BEGIN

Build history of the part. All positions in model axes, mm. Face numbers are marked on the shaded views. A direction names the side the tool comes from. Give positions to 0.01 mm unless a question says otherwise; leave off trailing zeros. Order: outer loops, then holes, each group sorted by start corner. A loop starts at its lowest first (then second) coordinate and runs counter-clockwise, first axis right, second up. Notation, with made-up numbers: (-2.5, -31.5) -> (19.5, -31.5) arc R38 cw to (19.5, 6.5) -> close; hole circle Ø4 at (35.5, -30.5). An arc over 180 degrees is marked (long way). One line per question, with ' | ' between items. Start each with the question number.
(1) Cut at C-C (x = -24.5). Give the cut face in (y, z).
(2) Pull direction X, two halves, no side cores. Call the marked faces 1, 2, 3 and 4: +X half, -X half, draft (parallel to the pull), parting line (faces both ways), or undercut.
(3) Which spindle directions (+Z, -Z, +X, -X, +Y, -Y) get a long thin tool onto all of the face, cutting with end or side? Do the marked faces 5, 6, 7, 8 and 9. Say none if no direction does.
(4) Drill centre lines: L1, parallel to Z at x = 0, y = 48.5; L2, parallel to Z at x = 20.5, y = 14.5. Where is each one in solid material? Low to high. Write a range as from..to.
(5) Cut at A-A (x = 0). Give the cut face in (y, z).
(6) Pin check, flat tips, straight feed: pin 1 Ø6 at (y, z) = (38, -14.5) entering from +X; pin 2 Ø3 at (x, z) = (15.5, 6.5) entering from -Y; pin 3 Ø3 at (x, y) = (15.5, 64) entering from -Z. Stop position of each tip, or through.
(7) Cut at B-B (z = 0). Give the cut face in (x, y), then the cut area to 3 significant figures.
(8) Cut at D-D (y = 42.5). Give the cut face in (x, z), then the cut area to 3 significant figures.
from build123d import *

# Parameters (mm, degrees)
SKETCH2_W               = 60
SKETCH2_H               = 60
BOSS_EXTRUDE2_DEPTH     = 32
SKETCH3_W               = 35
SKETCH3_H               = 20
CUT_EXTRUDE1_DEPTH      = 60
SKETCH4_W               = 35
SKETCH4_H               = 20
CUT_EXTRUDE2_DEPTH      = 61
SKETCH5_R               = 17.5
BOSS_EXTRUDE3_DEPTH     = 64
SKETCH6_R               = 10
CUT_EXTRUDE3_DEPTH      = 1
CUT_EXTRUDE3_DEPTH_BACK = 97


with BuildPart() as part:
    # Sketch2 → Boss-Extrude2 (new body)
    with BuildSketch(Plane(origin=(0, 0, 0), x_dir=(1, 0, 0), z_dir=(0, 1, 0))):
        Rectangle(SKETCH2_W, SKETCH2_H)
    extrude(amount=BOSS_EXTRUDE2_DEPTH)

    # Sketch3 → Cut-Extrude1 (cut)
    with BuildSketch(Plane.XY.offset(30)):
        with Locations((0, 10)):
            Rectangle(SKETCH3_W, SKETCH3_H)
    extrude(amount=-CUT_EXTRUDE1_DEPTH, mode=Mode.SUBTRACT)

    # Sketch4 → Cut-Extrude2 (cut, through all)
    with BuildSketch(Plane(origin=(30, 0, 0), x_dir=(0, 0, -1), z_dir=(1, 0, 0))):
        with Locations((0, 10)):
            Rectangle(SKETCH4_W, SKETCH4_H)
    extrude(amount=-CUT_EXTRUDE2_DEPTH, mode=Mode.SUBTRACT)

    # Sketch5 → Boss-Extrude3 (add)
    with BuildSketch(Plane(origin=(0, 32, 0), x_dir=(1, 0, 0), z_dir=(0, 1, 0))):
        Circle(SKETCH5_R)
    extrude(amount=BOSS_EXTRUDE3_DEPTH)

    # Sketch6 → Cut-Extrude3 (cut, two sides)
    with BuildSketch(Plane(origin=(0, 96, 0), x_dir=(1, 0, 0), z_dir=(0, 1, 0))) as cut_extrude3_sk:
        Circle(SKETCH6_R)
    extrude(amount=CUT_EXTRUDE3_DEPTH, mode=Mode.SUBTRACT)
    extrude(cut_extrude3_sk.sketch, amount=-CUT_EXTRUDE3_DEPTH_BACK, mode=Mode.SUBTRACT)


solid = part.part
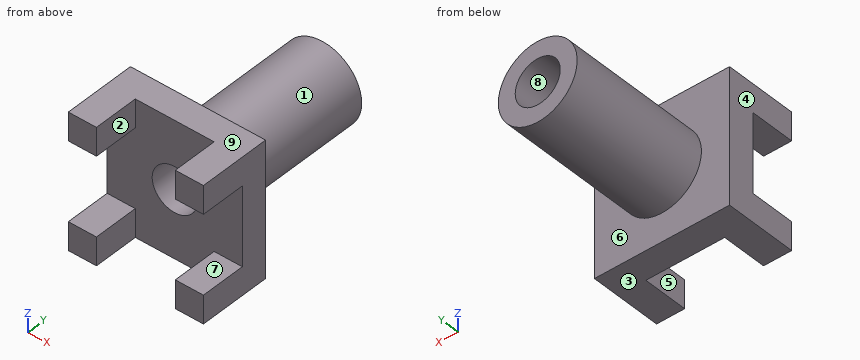
Result set:
1) outline: (0, -30) -> (32, -30) -> (32, 30) -> (0, 30) -> (0, 17.5) -> (20, 17.5) -> (20, -17.5) -> (0, -17.5) -> close
2) face 1: parting line | face 2: undercut | face 3: draft | face 4: -X half
3) face 5: +Z, -Z, -Y | face 6: +Y | face 7: +X, -X, -Y | face 8: +Y, -Y | face 9: +Z, +X, -X, +Y, -Y
4) L1: z = -17.5..-10, 10..17.5 | L2: z = -30..-17.5, 17.5..30
5) outline: (20, -30) -> (32, -30) -> (32, -17.5) -> (96, -17.5) -> (96, -10) -> (20, -10) -> close; (20, 10) -> (96, 10) -> (96, 17.5) -> (32, 17.5) -> (32, 30) -> (20, 30) -> close
6) pin 1: stops at x = 13.19 | pin 2: stops at y = 20 | pin 3: stops at z = -10.5
7) outline: (-30, 20) -> (-10, 20) -> (-10, 96) -> (-17.5, 96) -> (-17.5, 32) -> (-30, 32) -> close; (10, 20) -> (30, 20) -> (30, 32) -> (17.5, 32) -> (17.5, 96) -> (10, 96) -> close | area: 1,440 mm2
8) outline: circle Ø35 at (0, 0); hole circle Ø20 at (0, 0) | area: 648 mm2

END

Within the material above, copy exactly the lines from the line that holds "(6) Pin check, flat" up to and including the line that holds "(7) Cut at B-B".

(6) Pin check, flat tips, straight feed: pin 1 Ø6 at (y, z) = (38, -14.5) entering from +X; pin 2 Ø3 at (x, z) = (15.5, 6.5) entering from -Y; pin 3 Ø3 at (x, y) = (15.5, 64) entering from -Z. Stop position of each tip, or through.
(7) Cut at B-B (z = 0). Give the cut face in (x, y), then the cut area to 3 significant figures.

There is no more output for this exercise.